As other studies have shown, wealthier counties and census tracts were markedly more likely to be able to socially distance compared to less wealthy counties and census tracts.

Study design


Study population and setting

The authors compared daily mobility before and after state-level emergency declarations were in place at the county and census tract level in the US. Mobility data were collected between January and April 2020. Four different mobility measures were used: being completely at home (SafeGraph); median distance traveled (SafeGraph); device exposure (the number of unique devices visiting a particular venue, Place IQ); and visitors to retail and recreation places (Google Mobility). Census tracts and counties were classified based on median income quintile to see if county or census tract mobility varied by average income levels.

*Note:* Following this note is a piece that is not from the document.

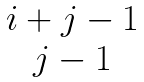<formula> <loc_0><loc_0><loc_500><loc_500>\begin{matrix} i + j - 1 \\ j - 1 \end{matrix}</formula> 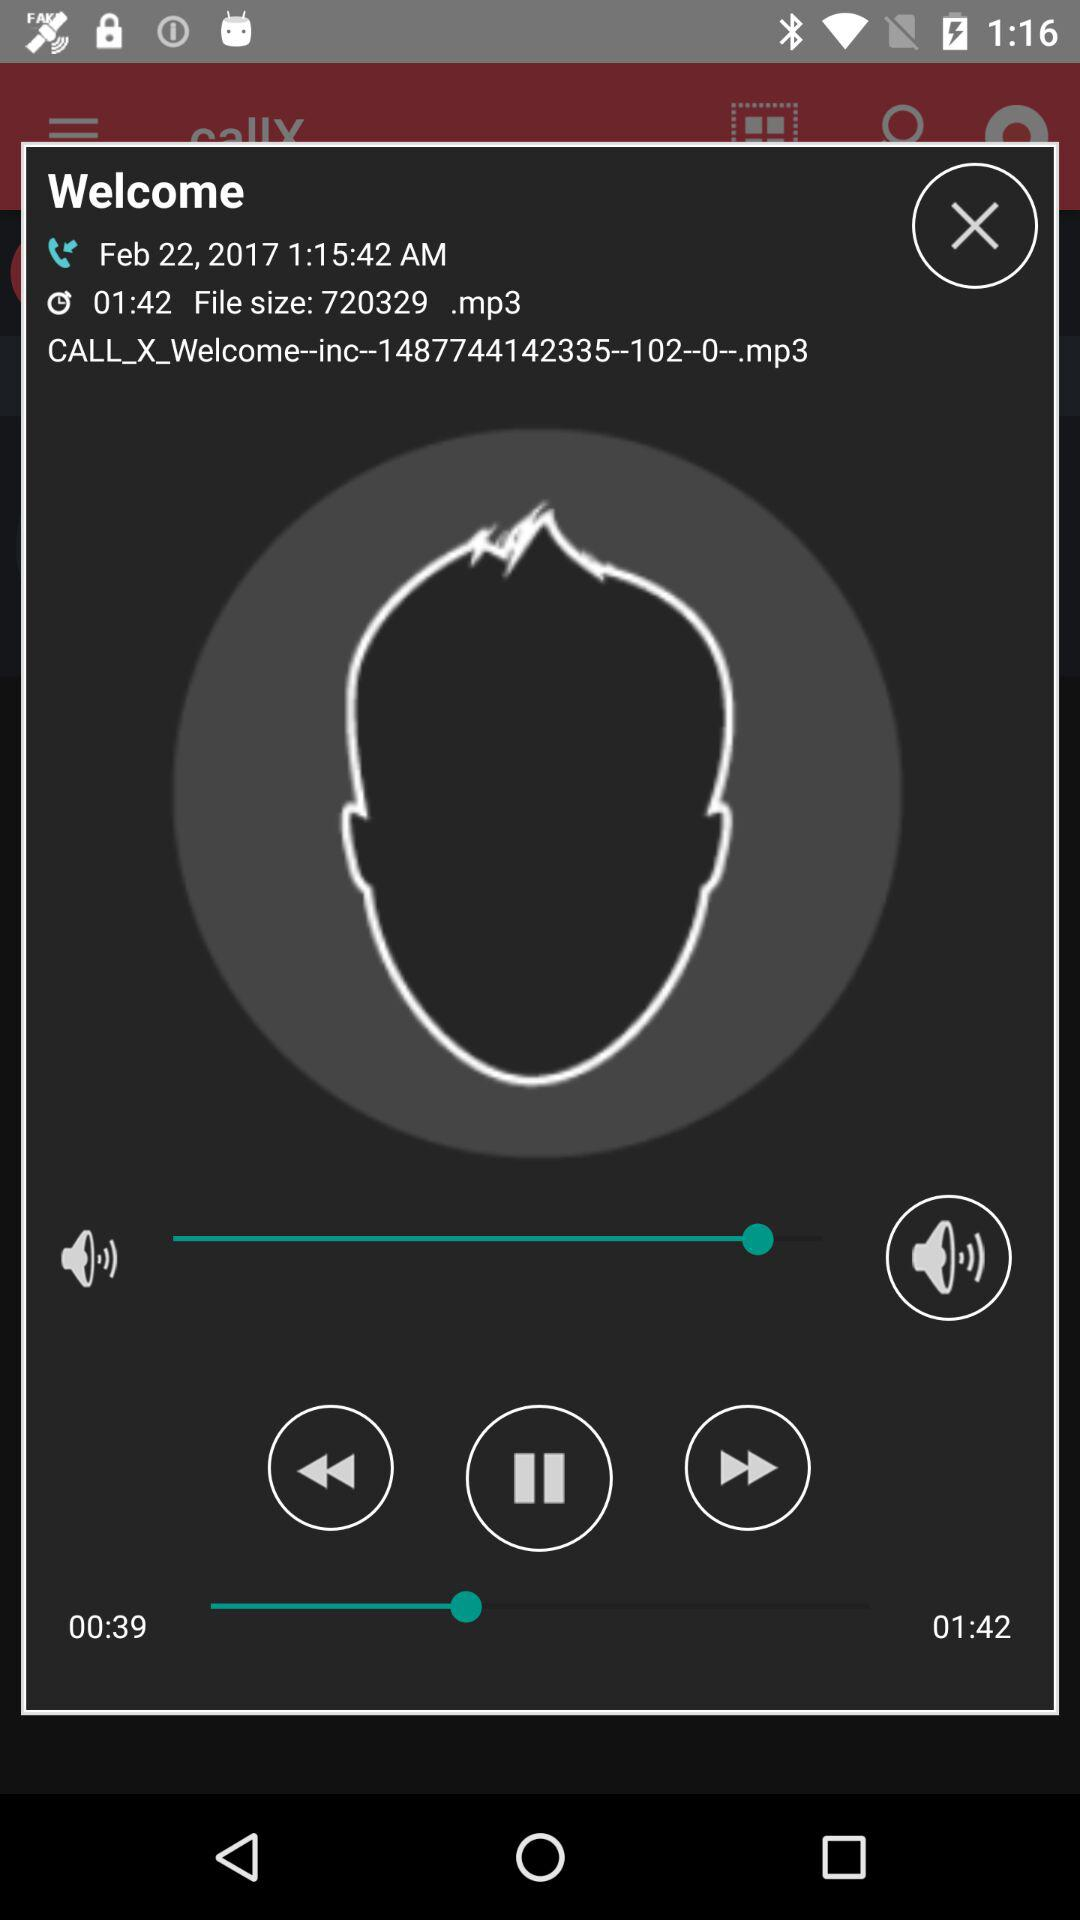What is the duration of the record? The duration of the record is 01:42. 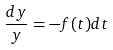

Additionally, the authors controlled for the cumulative number of COVID-19 infected cases in each county at each time point.

Summary of Main Findings

Wealthier census tracts and counties had markedly reduced mobility following statewide declarations. This suggests that wealthier areas are more likely to respond or have the ability to respond to social distancing measures. These results were broadly consistent across the four mobility measures (completely at home, median distance traveled, device exposure, and retail and recreation).

Study Strengths

The study uses multiple measures and databases to compare mobility at the county or census tract level before and after state-wide declarations are in place across measures of county or census tract level income levels, providing a more comprehensive view of changes in mobility.


Several other factors beyond income may influence the tendency or ability to socially distance once mandates are in place. For example, one’s occupation will influence the ability to telework, with higher incomes associated with jobs more likely to be able to be done from home. Individual willingness to socially distance may depend on political views, culture, and beliefs and these may cluster at the county or census tract level. Housing also varies by county and census tract, and may influence the ability to distance. As the authors acknowledge, even though we observe differences in social distancing by income level, it is unclear what drives this difference. A second key limitation is that analyses were conducted at the aggregate level, and cannot directly examine whether individual’s income levels relate to mobility.

Value added

Using multiple mobility datasets, the authors show that wealthier areas had markedly greater reductions in mobility compared to poorer areas.